The link is attributed to a site supposedly called “insidevideo.net” and features a plausible-looking and frankly shocking photo of an airliner partially submerged, but apparently floating in waters just feet off a coastline, somewhere — somewhere that may or may not be the Bermuda Triangle.

The Hoax Slayer site exposed this scam for what it is, an attempt to “trick Facebook users into promoting the bogus material via Facebook shares and participating in bogus online surveys.”

Bermuda Triangle Facebook hoax

Clicking on the link brings users to another Facebook page where they, before they are allowed to see the supposed spectacular video of the missing plane in the Bermuda Triangle, are asked to share the post with other users. The point is to trick you into “doing the scammer’s dirty work by promoting the message across the network,” Hoax Slayer says.

Next, you go to the “video” page, but there is — surprise! — no video. Instead, the user must fill out a series of online surveys and accept various “offers.” But, if you haven’t figured this out already, you absolutely should not accept any such offers or fill out any of the surveys.

No matter how many offers you’re suckered into accepting, you will never see that allegedly amazing video because as you will be shocked, shocked to discover, it doesn’t exist.

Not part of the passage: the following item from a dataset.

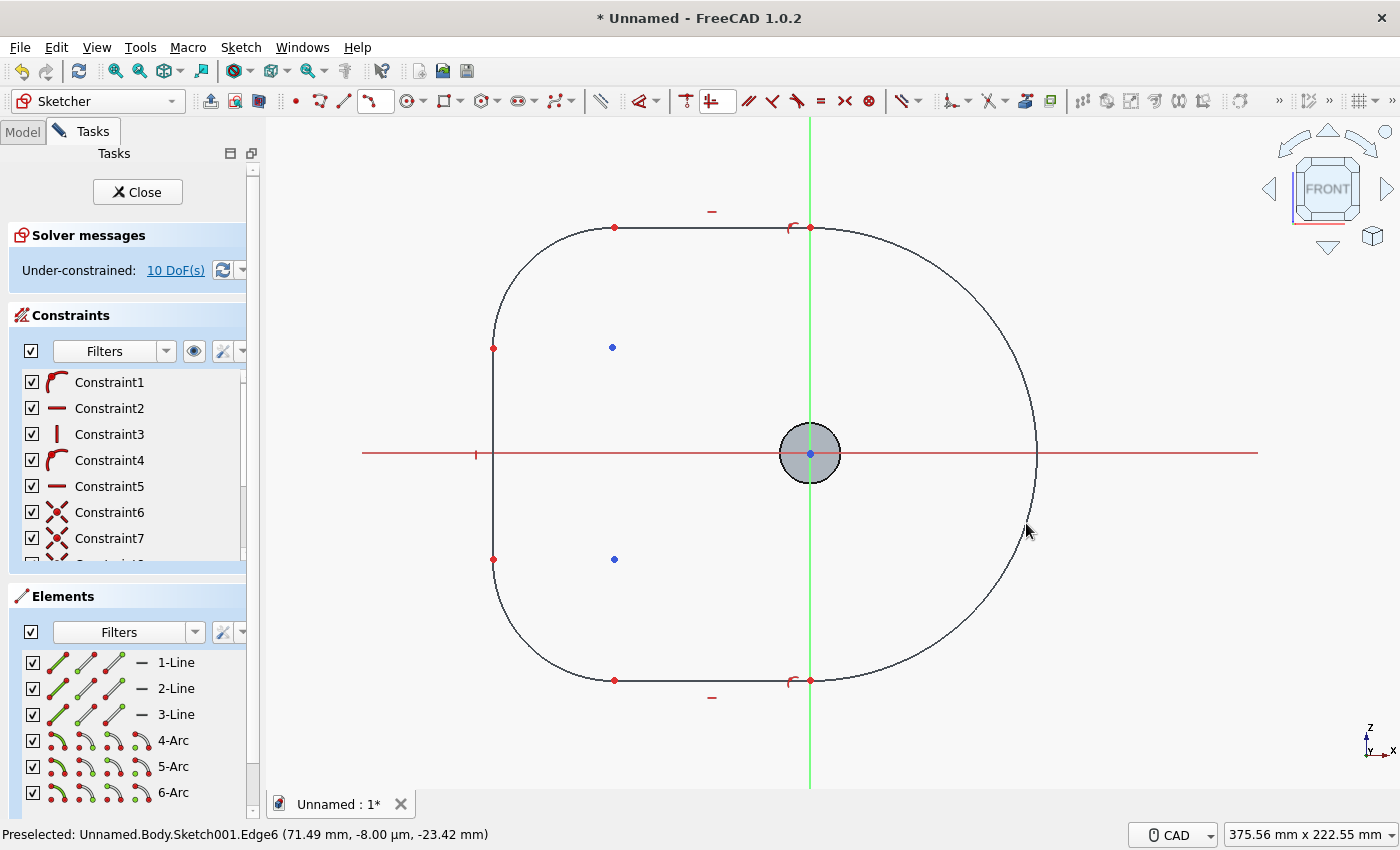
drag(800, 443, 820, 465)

The picture in the Facebook post actually comes from a scary but non-fatal crash in which a plane came up short of a runway in Bali in April of last year. Bali, of course, is nowhere near the Bermuda Triangle and the plane depicted in the Facebook photo is a Lion Air 737-800, not a Malaysia Airlines 777-200.

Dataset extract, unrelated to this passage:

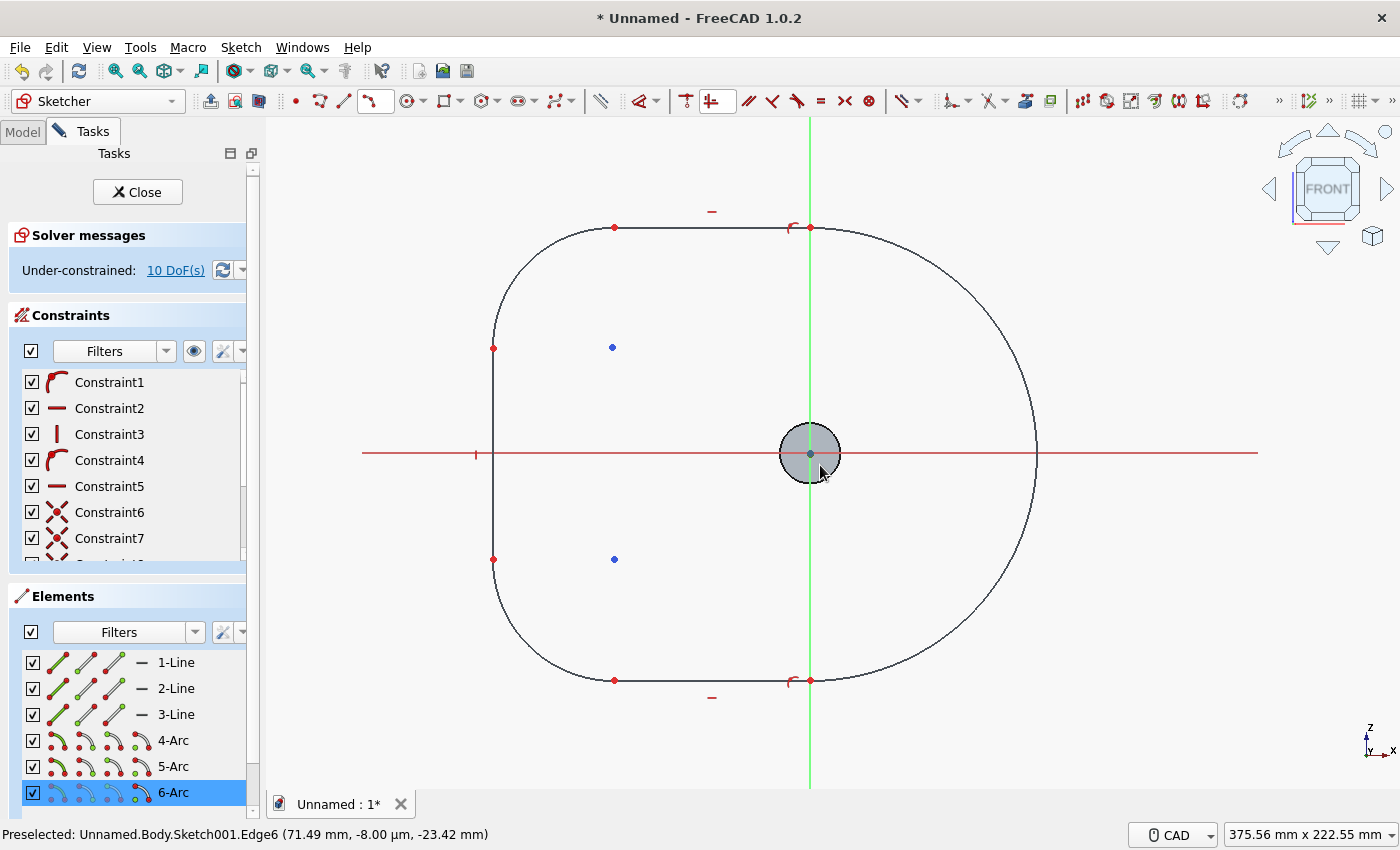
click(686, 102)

But that scam isn’t the only time the Bermuda Triangle has come up in connection to the Malasyia Airlines Flight 370 mystery. Early in the crisis, Mohammad Nizar Jamaluddin, a politician in Malaysia’s opposition party, drew outrage when he tweeted, “New Bermuda Triangle detected in Vietnam waters, well-equipped sophisticated devices are of no use!”

Whether he was dumb enough to believe what he said, or insensitive enough to think his remark was funny, remains unclear. But he was slammed for both.

The Bermuda Triangle, for those of you who weren’t around to watch bad TV documentaries in the 1970s, is an area between Miami, Bermuda and Puerto Rico where a number of flights have allegedly gone missing.

The most famous of the Bermuda Triangle “mysteries” involved an entire squadron of five Navy Avenger airplanes — similar to the plane pictured above — on a training mission in 1945 that never made it home. The Navy has always said that the squadron simply made a navigational mistake and ran out of fuel.

But Bermuda Triangle conspiracy theorists cite the case as prime evidence that something otherworldly in that region causes aircraft to vanish off the face of the Earth.